A pathogenic variant reduces the activity of a particular enzyme, cofactor, or transporter, so flux through its pathway is interrupted. The clinical consequences follow from where the block lies: upstream substrate or its by-products may accumulate to toxic levels (the intoxication pattern seen in many aminoacidopathies, organic acidemias, and urea cycle disorders), a downstream product may be lacking, or the cell may fail to generate or use energy (the pattern in mitochondrial and fatty acid oxidation disorders). A useful organising scheme groups these conditions into small-molecule intoxication disorders, energy-metabolism disorders, and disorders of complex molecules. Because many pathways converge on shared intermediates, biochemical markers such as plasma amino acids, urine organic acids, and acylcarnitine profiles allow whole categories to be screened and triaged.

Clinical relevance

Inborn errors of metabolism illustrate how a single gene defect can disrupt biochemistry at the whole-organism level, and how biochemical reasoning underlies diagnosis.

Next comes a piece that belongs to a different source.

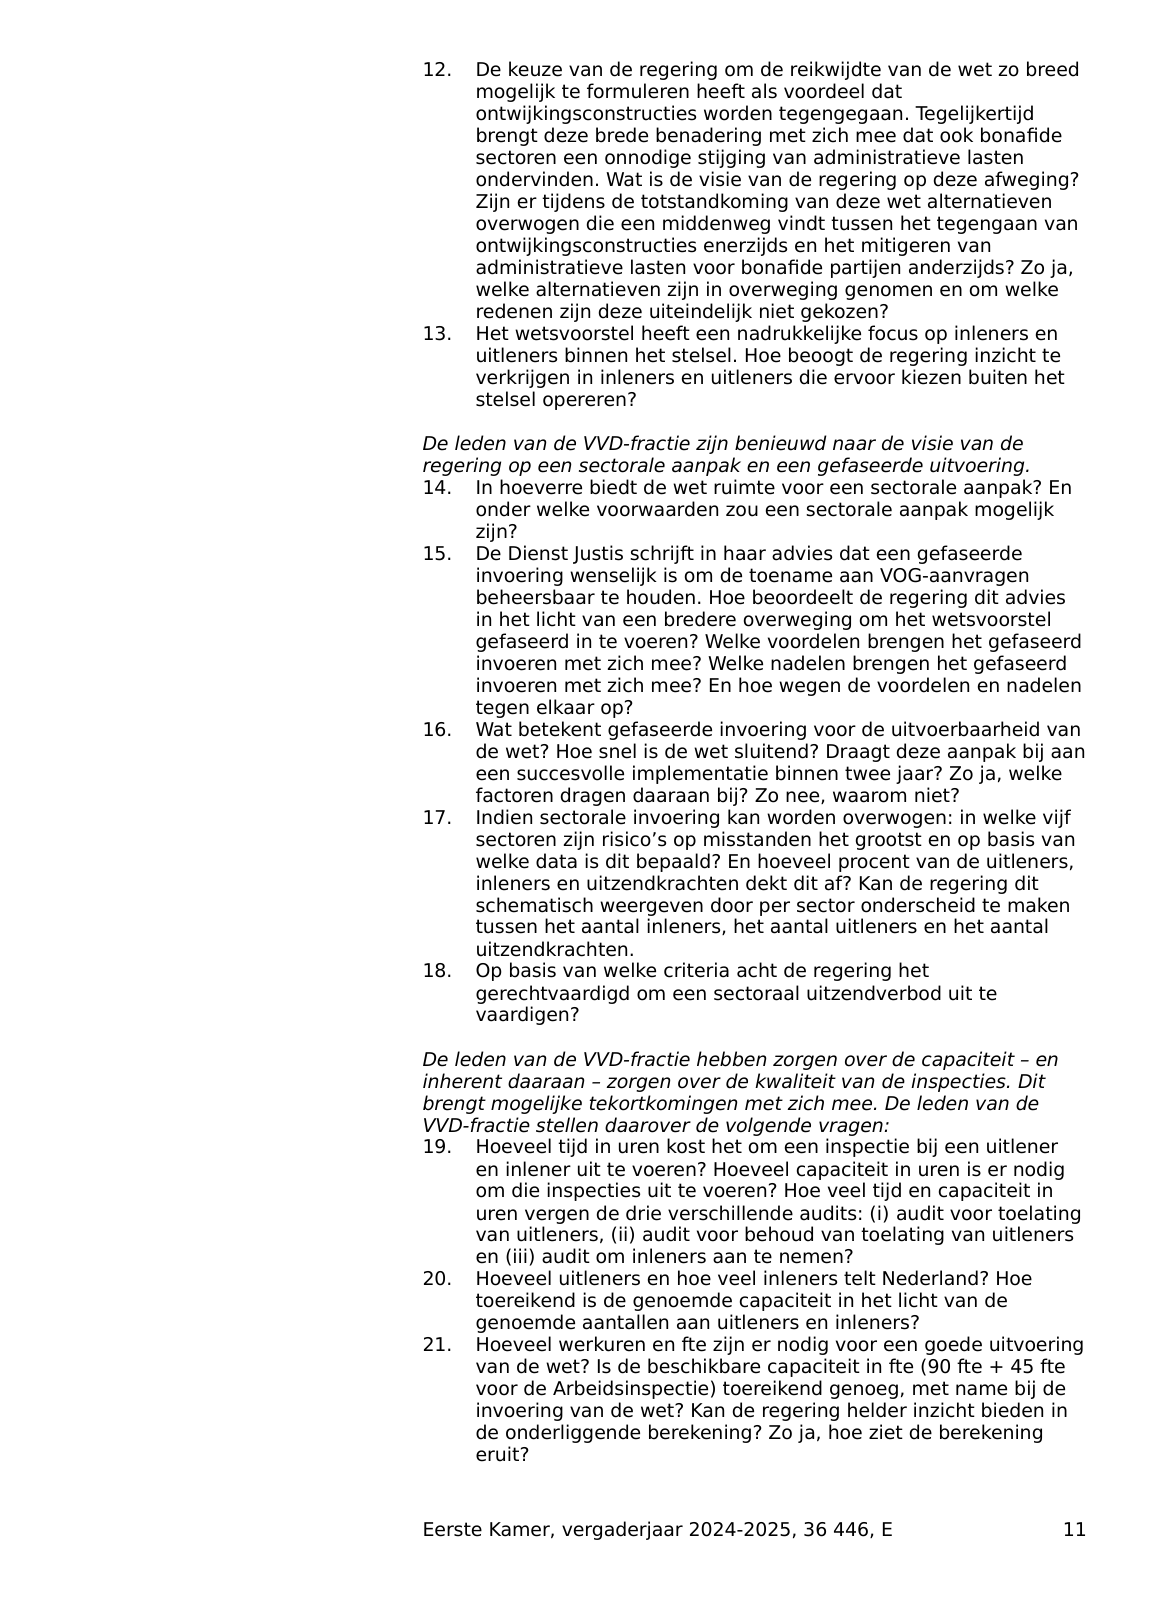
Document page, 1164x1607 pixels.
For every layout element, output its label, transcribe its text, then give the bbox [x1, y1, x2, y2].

Recognising the broad categories explains why population newborn screening targets several of these conditions before symptoms appear. This entry describes the conceptual landscape and how evidence and screening are organised; it is not a basis for individual diagnostic or treatment decisions.

Epidemiology

Each individual disorder is rare, but as a group inborn errors of metabolism affect a meaningful fraction of newborns; expanded screening programmes using tandem mass spectrometry now detect dozens of conditions from a single dried blood spot, and population studies such as Wilcken and colleagues' newborn cohort have quantified how screening changes detection and outcomes.

History

Archibald Garrod introduced the phrase inborn errors of metabolism in his early twentieth-century Croonian Lectures, proposing that conditions such as alkaptonuria reflected inherited blocks in chemical pathways - an idea that anticipated the one gene one enzyme concept. Through the twentieth century, advances in enzymology, chromatography, and mass spectrometry expanded the catalogue of recognised disorders, and the introduction of newborn screening, later broadened by tandem mass spectrometry, moved many of these conditions from late clinical diagnosis to presymptomatic detection.

Key figures

Archibald Garrod
Jean-Marie Saudubray
Bridget Wilcken
Nenad Blau

Seminal works

garrod-1908
wilcken-2003
saudubray-2016

Frequently asked questions

What does inborn error of metabolism mean?: It is an inherited disorder in which a genetic defect impairs an enzyme, cofactor, or transporter in a metabolic pathway, so that a substance builds up, an essential product is lacking, or the cell cannot produce energy normally.
Why are so many of these disorders included in newborn screening?: Many inborn errors of metabolism cause irreversible harm before symptoms are obvious, yet leave detectable biochemical signatures. Tandem mass spectrometry can measure many of these markers from a single dried blood spot, allowing several disorders to be identified shortly after birth.